3. If one party demands this, the documents handed over by it are to be handed over to it after termination of the contractual relationship, as far as the other party cannot assert any justified interest in these documents.
4. Press releases, information etc. in which one contracting party refers to the other are only permissible after prior written agreement - also by e-mail. Irrespective of this, comspace may name the customer on its website or in other media as a reference customer and copy and distribute the services provided within the framework of self-promotion as well as publicly reproduce them for demonstration purposes and refer to them, unless the customer can make an opposing legitimate interest apply.
5. The customer is informed that unencrypted e-mails are an open medium. Comspace assumes no liability for the confidentiality of e-mails. At the customer's
request, communication can be carried out via encrypted e-mails.
(21) Data protection
1. comspace is entitled to store the data relating to the specific order electronically and to process and use this data for operational purposes in accordance with the statutory provisions.
2. The transfer to third parties is permitted if and as far as this is the subject of the contract - e.g. when registering domains or similar.
(22) Final provisions
1. Place of performance is the place of business of comspace GmbH & Co. KG.

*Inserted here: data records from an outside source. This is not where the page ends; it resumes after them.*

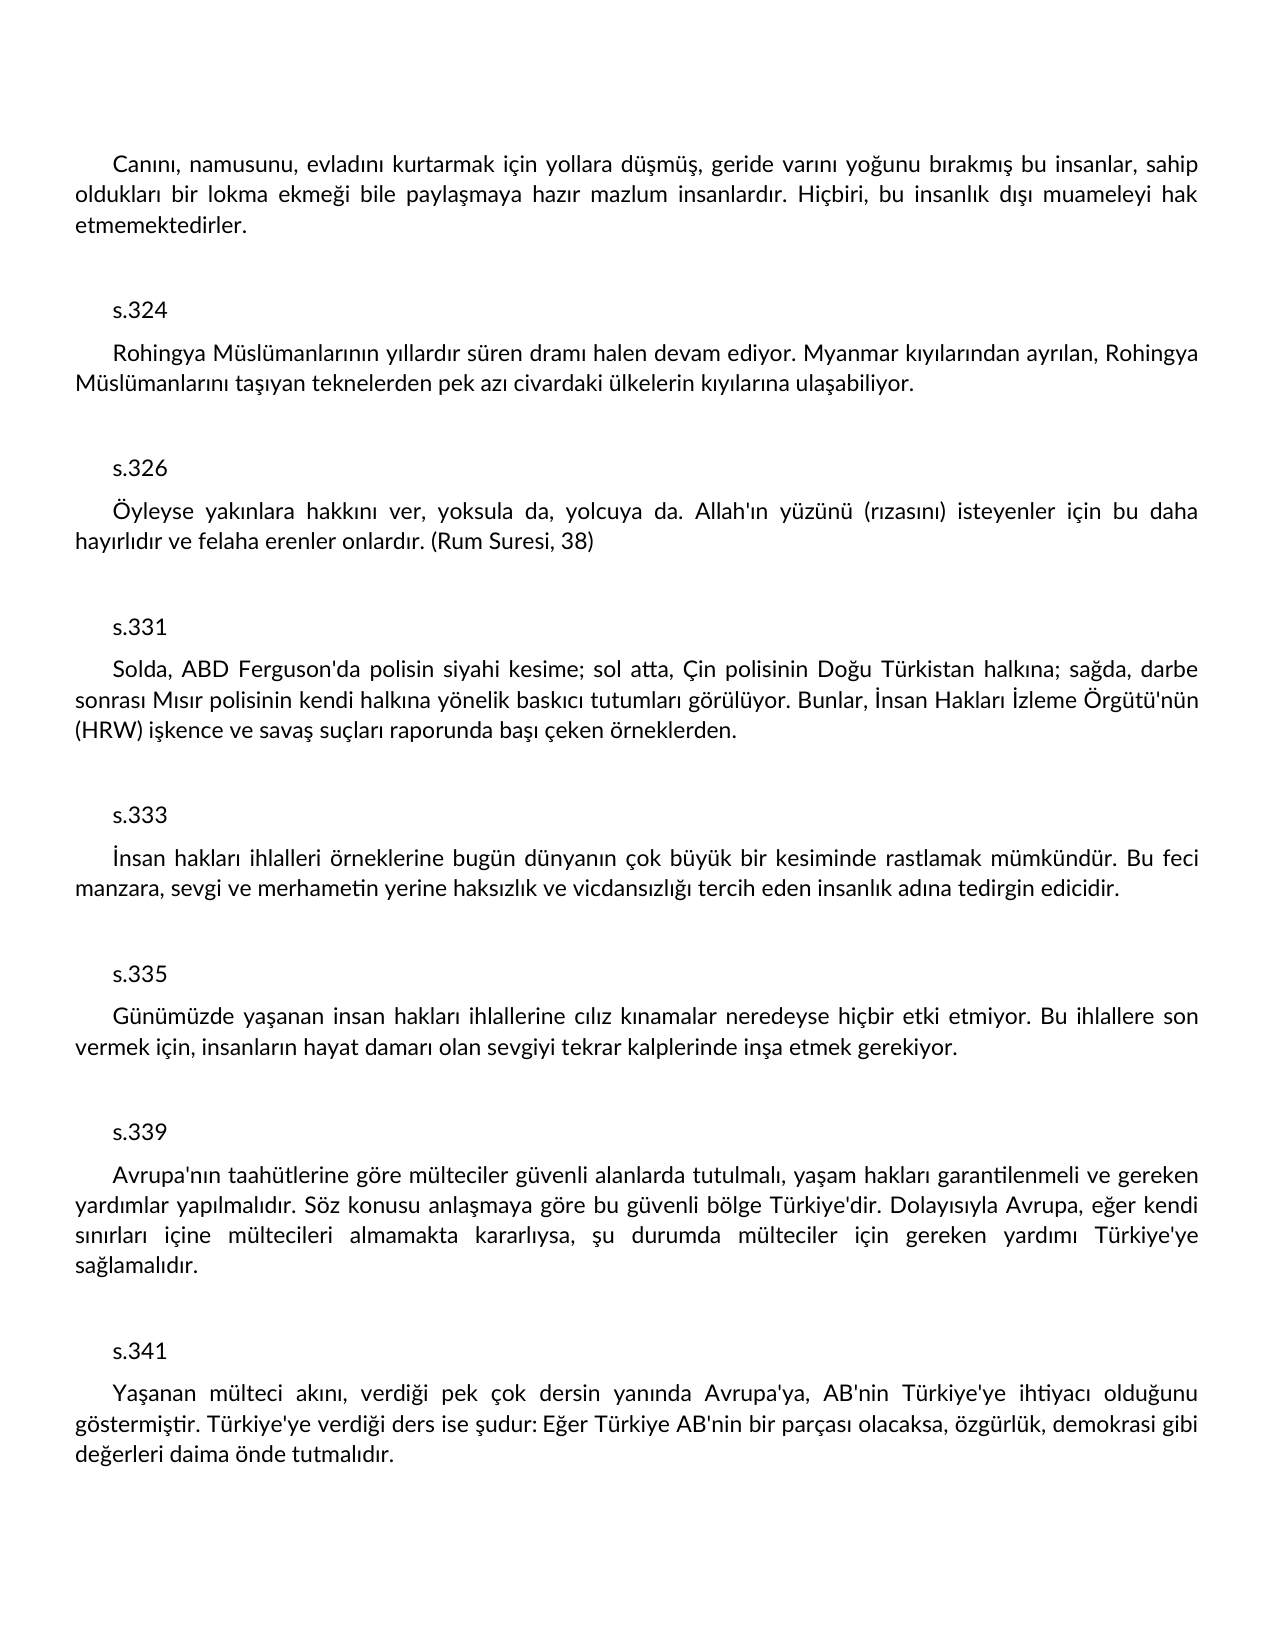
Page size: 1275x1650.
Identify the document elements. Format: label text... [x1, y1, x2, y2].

text Öyleyse yakınlara hakkını ver, yoksula da, yolcuya da. Allah'ın yüzünü (rızasını) isteyenler için bu daha hayırlıdır ve felaha erenler onlardır. (Rum Suresi, 38) [75, 497, 1200, 554]
text İnsan hakları ihlalleri örneklerine bugün dünyanın çok büyük bir kesiminde rastlamak mümkündür. Bu feci manzara, sevgi ve merhametin yerine haksızlık ve vicdansızlığı tercih eden insanlık adına tedirgin edicidir. [75, 844, 1200, 901]
text s.326 [75, 454, 1200, 482]
text Rohingya Müslümanlarının yıllardır süren dramı halen devam ediyor. Myanmar kıyılarından ayrılan, Rohingya Müslümanlarını taşıyan teknelerden pek azı civardaki ülkelerin kıyılarına ulaşabiliyor. [75, 338, 1200, 396]
text Yaşanan mülteci akını, verdiği pek çok dersin yanında Avrupa'ya, AB'nin Türkiye'ye ihtiyacı olduğunu göstermiştir. Türkiye'ye verdiği ders ise şudur: Eğer Türkiye AB'nin bir parçası olacaksa, özgürlük, demokrasi gibi değerleri daima önde tutmalıdır. [75, 1379, 1200, 1467]
text s.331 [75, 612, 1200, 640]
text Solda, ABD Ferguson'da polisin siyahi kesime; sol atta, Çin polisinin Doğu Türkistan halkına; sağda, darbe sonrası Mısır polisinin kendi halkına yönelik baskıcı tutumları görülüyor. Bunlar, İnsan Hakları İzleme Örgütü'nün (HRW) işkence ve savaş suçları raporunda başı çeken örneklerden. [75, 655, 1200, 743]
text s.335 [75, 959, 1200, 987]
text s.333 [75, 801, 1200, 828]
text Günümüzde yaşanan insan hakları ihlallerine cılız kınamalar neredeyse hiçbir etki etmiyor. Bu ihlallere son vermek için, insanların hayat damarı olan sevgiyi tekrar kalplerinde inşa etmek gerekiyor. [75, 1002, 1200, 1060]
text Avrupa'nın taahütlerine göre mülteciler güvenli alanlarda tutulmalı, yaşam hakları garantilenmeli ve gereken yardımlar yapılmalıdır. Söz konusu anlaşmaya göre bu güvenli bölge Türkiye'dir. Dolayısıyla Avrupa, eğer kendi sınırları içine mültecileri almamakta kararlıysa, şu durumda mülteciler için gereken yardımı Türkiye'ye sağlamalıdır. [75, 1160, 1200, 1278]
text Canını, namusunu, evladını kurtarmak için yollara düşmüş, geride varını yoğunu bırakmış bu insanlar, sahip oldukları bir lokma ekmeği bile paylaşmaya hazır mazlum insanlardır. Hiçbiri, bu insanlık dışı muameleyi hak etmemektedirler. [75, 150, 1200, 238]
text s.339 [75, 1118, 1200, 1145]
text s.324 [75, 296, 1200, 323]
text s.341 [75, 1336, 1200, 1364]

2. The exclusive place of jurisdiction for all legal disputes arising directly and indirectly from the contractual relationship as well as for its arising and its
effectiveness is Bielefeld. This also applies to disputes arising from documents, bills of exchange and cheques relating to the contractual relationship. However, comspace has the right to claim against the customer before the court at the customer's place of residence or business.
3. For all legal questions resulting from the order and its completion German right applies under exclusion of the convention of the United Nations over contracts over the international goods purchase.
4. Should one or more individual provisions of these GTC be invalid for any reason, the validity of the remaining provisions shall not be affected thereby. Insofar as these General Terms and Conditions contain loopholes, these shall be filled by a provision which takes into account the economic purpose of the contract.